* Work item *
The line containing "Your response must be concise. 2004." marks the end; write out exactly every line from the start of the data up to and including it, without the pictures.
################
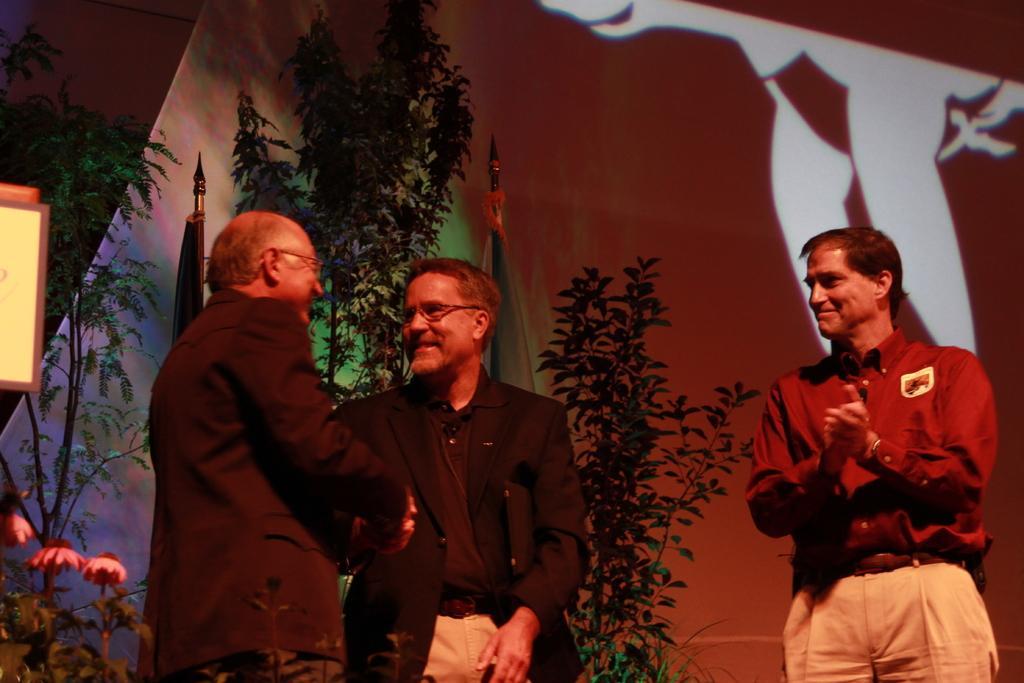In one or two sentences, can you explain what this image depicts? In this image there are people standing. In the background there are trees and flags. We can see a curtain. 
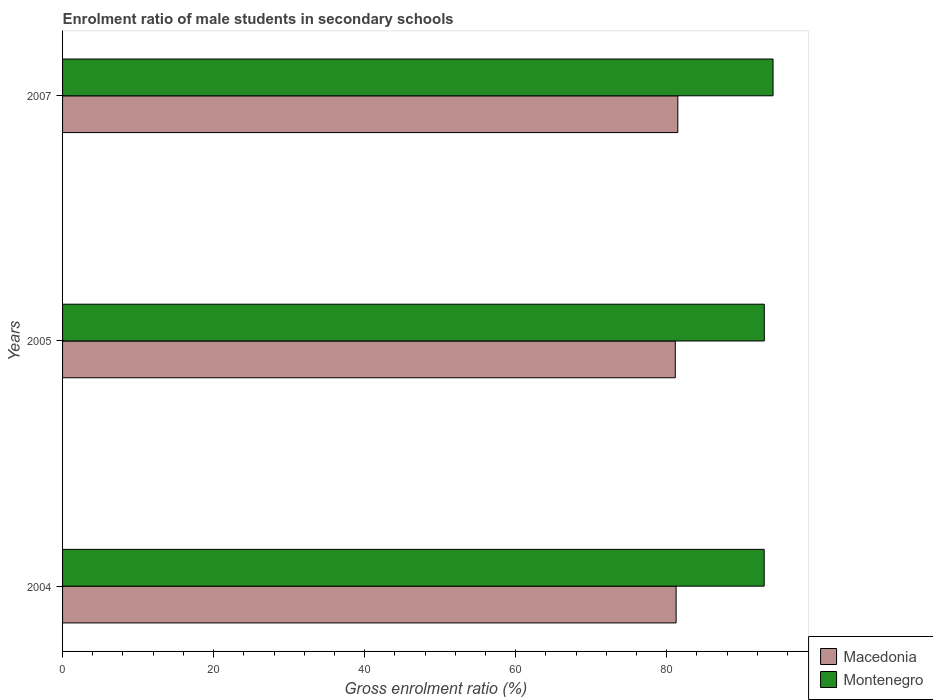Are the number of bars on each tick of the Y-axis equal?
Provide a succinct answer. Yes. What is the label of the 3rd group of bars from the top?
Your response must be concise. 2004. In how many cases, is the number of bars for a given year not equal to the number of legend labels?
Give a very brief answer. 0. What is the enrolment ratio of male students in secondary schools in Montenegro in 2005?
Your response must be concise. 92.92. Across all years, what is the maximum enrolment ratio of male students in secondary schools in Montenegro?
Your answer should be compact. 94.07. Across all years, what is the minimum enrolment ratio of male students in secondary schools in Montenegro?
Your response must be concise. 92.9. In which year was the enrolment ratio of male students in secondary schools in Macedonia minimum?
Your answer should be compact. 2005. What is the total enrolment ratio of male students in secondary schools in Macedonia in the graph?
Make the answer very short. 243.83. What is the difference between the enrolment ratio of male students in secondary schools in Macedonia in 2004 and that in 2005?
Make the answer very short. 0.11. What is the difference between the enrolment ratio of male students in secondary schools in Macedonia in 2004 and the enrolment ratio of male students in secondary schools in Montenegro in 2007?
Ensure brevity in your answer.  -12.83. What is the average enrolment ratio of male students in secondary schools in Montenegro per year?
Offer a terse response. 93.3. In the year 2005, what is the difference between the enrolment ratio of male students in secondary schools in Macedonia and enrolment ratio of male students in secondary schools in Montenegro?
Give a very brief answer. -11.79. In how many years, is the enrolment ratio of male students in secondary schools in Montenegro greater than 8 %?
Offer a terse response. 3. What is the ratio of the enrolment ratio of male students in secondary schools in Macedonia in 2004 to that in 2007?
Your response must be concise. 1. Is the enrolment ratio of male students in secondary schools in Macedonia in 2004 less than that in 2005?
Provide a succinct answer. No. Is the difference between the enrolment ratio of male students in secondary schools in Macedonia in 2005 and 2007 greater than the difference between the enrolment ratio of male students in secondary schools in Montenegro in 2005 and 2007?
Your answer should be compact. Yes. What is the difference between the highest and the second highest enrolment ratio of male students in secondary schools in Macedonia?
Your answer should be very brief. 0.22. What is the difference between the highest and the lowest enrolment ratio of male students in secondary schools in Macedonia?
Offer a terse response. 0.33. In how many years, is the enrolment ratio of male students in secondary schools in Macedonia greater than the average enrolment ratio of male students in secondary schools in Macedonia taken over all years?
Keep it short and to the point. 1. What does the 2nd bar from the top in 2007 represents?
Give a very brief answer. Macedonia. What does the 1st bar from the bottom in 2004 represents?
Your answer should be compact. Macedonia. How many bars are there?
Ensure brevity in your answer.  6. Are the values on the major ticks of X-axis written in scientific E-notation?
Give a very brief answer. No. Does the graph contain grids?
Make the answer very short. No. Where does the legend appear in the graph?
Ensure brevity in your answer.  Bottom right. How many legend labels are there?
Make the answer very short. 2. How are the legend labels stacked?
Your response must be concise. Vertical. What is the title of the graph?
Your answer should be very brief. Enrolment ratio of male students in secondary schools. Does "Upper middle income" appear as one of the legend labels in the graph?
Provide a succinct answer. No. What is the label or title of the X-axis?
Provide a short and direct response. Gross enrolment ratio (%). What is the label or title of the Y-axis?
Your answer should be very brief. Years. What is the Gross enrolment ratio (%) of Macedonia in 2004?
Make the answer very short. 81.24. What is the Gross enrolment ratio (%) of Montenegro in 2004?
Keep it short and to the point. 92.9. What is the Gross enrolment ratio (%) of Macedonia in 2005?
Your answer should be very brief. 81.13. What is the Gross enrolment ratio (%) of Montenegro in 2005?
Offer a terse response. 92.92. What is the Gross enrolment ratio (%) in Macedonia in 2007?
Offer a terse response. 81.46. What is the Gross enrolment ratio (%) of Montenegro in 2007?
Offer a very short reply. 94.07. Across all years, what is the maximum Gross enrolment ratio (%) in Macedonia?
Provide a short and direct response. 81.46. Across all years, what is the maximum Gross enrolment ratio (%) in Montenegro?
Provide a short and direct response. 94.07. Across all years, what is the minimum Gross enrolment ratio (%) of Macedonia?
Offer a terse response. 81.13. Across all years, what is the minimum Gross enrolment ratio (%) in Montenegro?
Provide a succinct answer. 92.9. What is the total Gross enrolment ratio (%) of Macedonia in the graph?
Your answer should be compact. 243.83. What is the total Gross enrolment ratio (%) of Montenegro in the graph?
Your response must be concise. 279.89. What is the difference between the Gross enrolment ratio (%) of Macedonia in 2004 and that in 2005?
Make the answer very short. 0.11. What is the difference between the Gross enrolment ratio (%) of Montenegro in 2004 and that in 2005?
Offer a terse response. -0.01. What is the difference between the Gross enrolment ratio (%) of Macedonia in 2004 and that in 2007?
Your response must be concise. -0.22. What is the difference between the Gross enrolment ratio (%) in Montenegro in 2004 and that in 2007?
Offer a terse response. -1.17. What is the difference between the Gross enrolment ratio (%) in Macedonia in 2005 and that in 2007?
Provide a succinct answer. -0.33. What is the difference between the Gross enrolment ratio (%) in Montenegro in 2005 and that in 2007?
Ensure brevity in your answer.  -1.16. What is the difference between the Gross enrolment ratio (%) in Macedonia in 2004 and the Gross enrolment ratio (%) in Montenegro in 2005?
Provide a succinct answer. -11.68. What is the difference between the Gross enrolment ratio (%) in Macedonia in 2004 and the Gross enrolment ratio (%) in Montenegro in 2007?
Ensure brevity in your answer.  -12.83. What is the difference between the Gross enrolment ratio (%) of Macedonia in 2005 and the Gross enrolment ratio (%) of Montenegro in 2007?
Offer a very short reply. -12.94. What is the average Gross enrolment ratio (%) in Macedonia per year?
Provide a short and direct response. 81.28. What is the average Gross enrolment ratio (%) in Montenegro per year?
Ensure brevity in your answer.  93.3. In the year 2004, what is the difference between the Gross enrolment ratio (%) of Macedonia and Gross enrolment ratio (%) of Montenegro?
Ensure brevity in your answer.  -11.66. In the year 2005, what is the difference between the Gross enrolment ratio (%) in Macedonia and Gross enrolment ratio (%) in Montenegro?
Your answer should be very brief. -11.79. In the year 2007, what is the difference between the Gross enrolment ratio (%) of Macedonia and Gross enrolment ratio (%) of Montenegro?
Give a very brief answer. -12.61. What is the ratio of the Gross enrolment ratio (%) in Macedonia in 2004 to that in 2007?
Provide a succinct answer. 1. What is the ratio of the Gross enrolment ratio (%) in Montenegro in 2004 to that in 2007?
Your answer should be very brief. 0.99. What is the difference between the highest and the second highest Gross enrolment ratio (%) in Macedonia?
Your answer should be compact. 0.22. What is the difference between the highest and the second highest Gross enrolment ratio (%) in Montenegro?
Your answer should be compact. 1.16. What is the difference between the highest and the lowest Gross enrolment ratio (%) of Macedonia?
Give a very brief answer. 0.33. What is the difference between the highest and the lowest Gross enrolment ratio (%) in Montenegro?
Your answer should be compact. 1.17.
################
* Answer to this exercise *
In one or two sentences, can you explain what this image depicts? In this image there are people standing. In the background there are trees and flags. We can see a curtain. 
Are the number of bars on each tick of the Y-axis equal?
Provide a succinct answer. Yes. What is the label of the 3rd group of bars from the top?
Your response must be concise. 2004. In how many cases, is the number of bars for a given year not equal to the number of legend labels?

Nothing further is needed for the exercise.